- TASK DIRECTIONS -
The required answer is the run of lines from the one holding "For a project" to the end of the data below, copied exactly and free of pictures.

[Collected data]

+ + +

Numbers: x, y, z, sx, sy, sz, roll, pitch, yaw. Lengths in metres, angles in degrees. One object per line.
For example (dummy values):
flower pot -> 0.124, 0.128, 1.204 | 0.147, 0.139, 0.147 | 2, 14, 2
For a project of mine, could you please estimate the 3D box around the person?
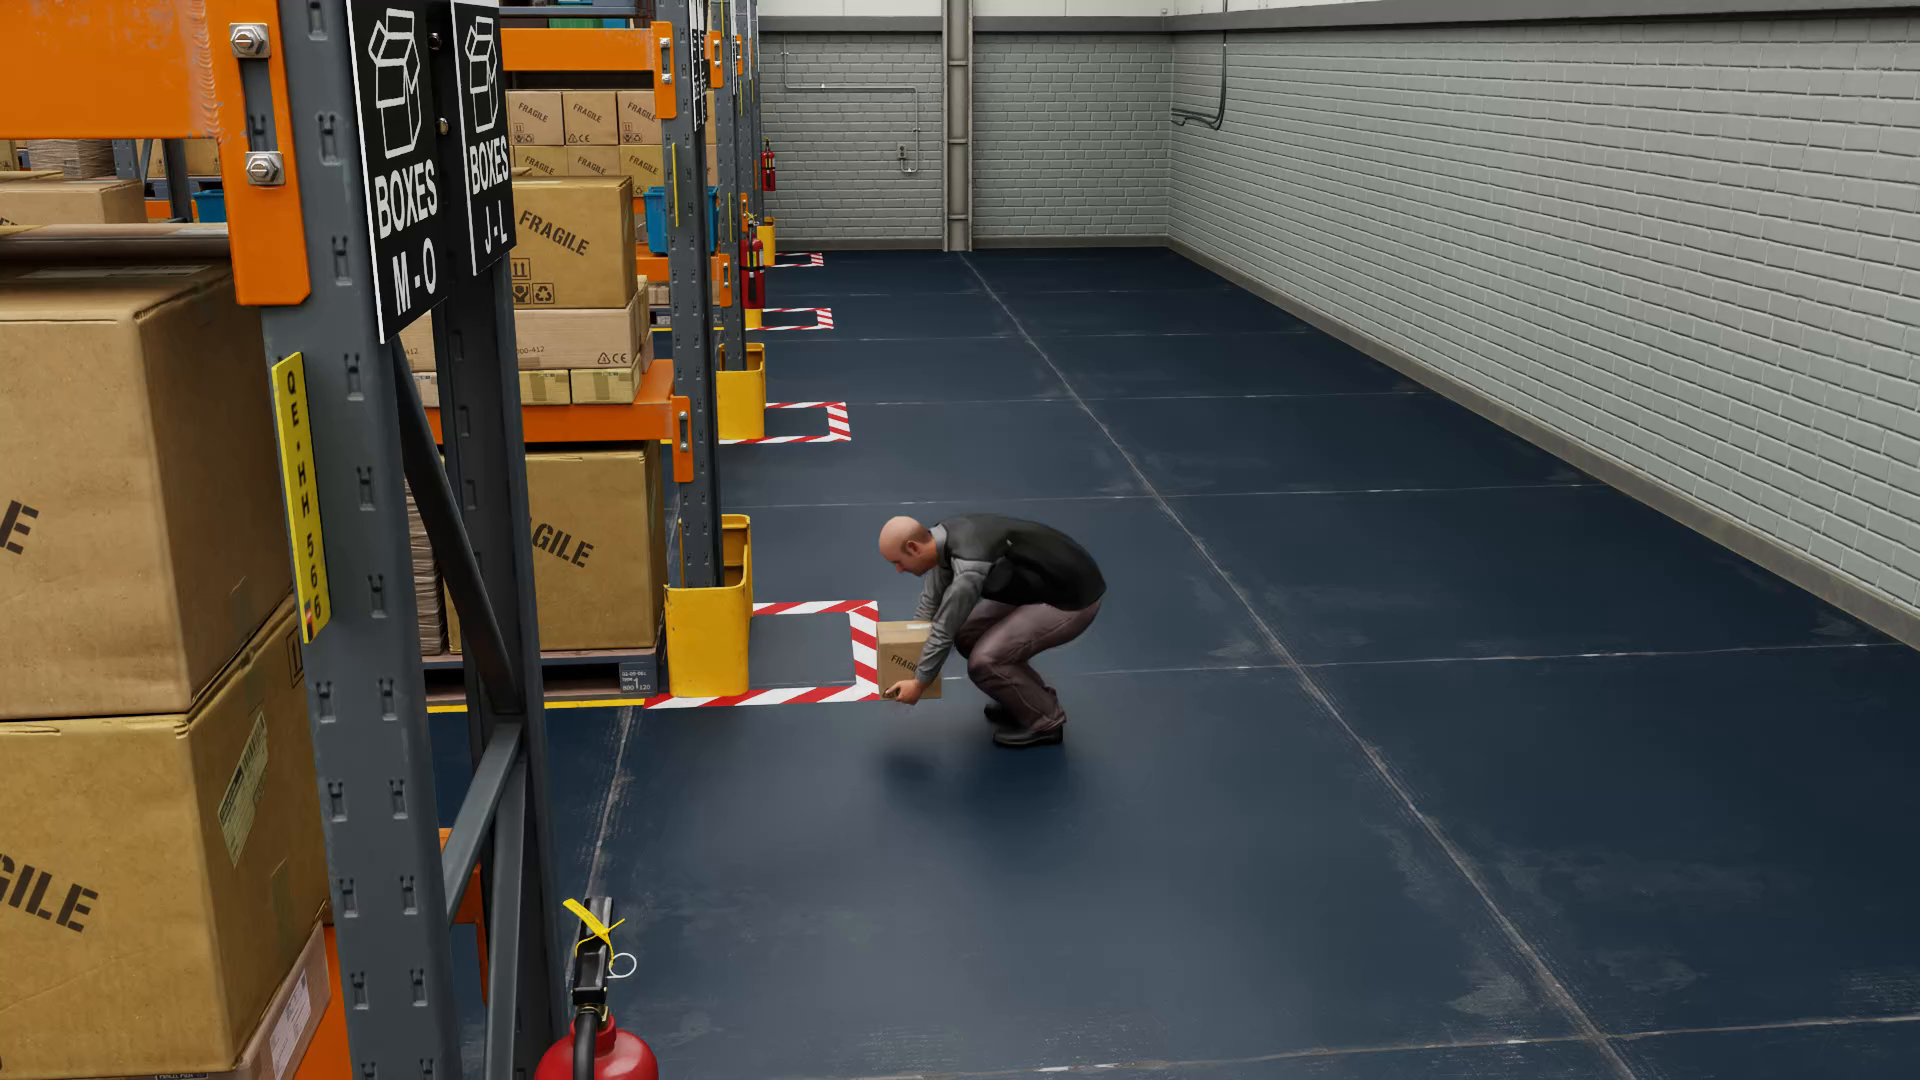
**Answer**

+ + +

- ANSWER AREA -
For a project of mine, could you please estimate the 3D box around the person?
**Answer**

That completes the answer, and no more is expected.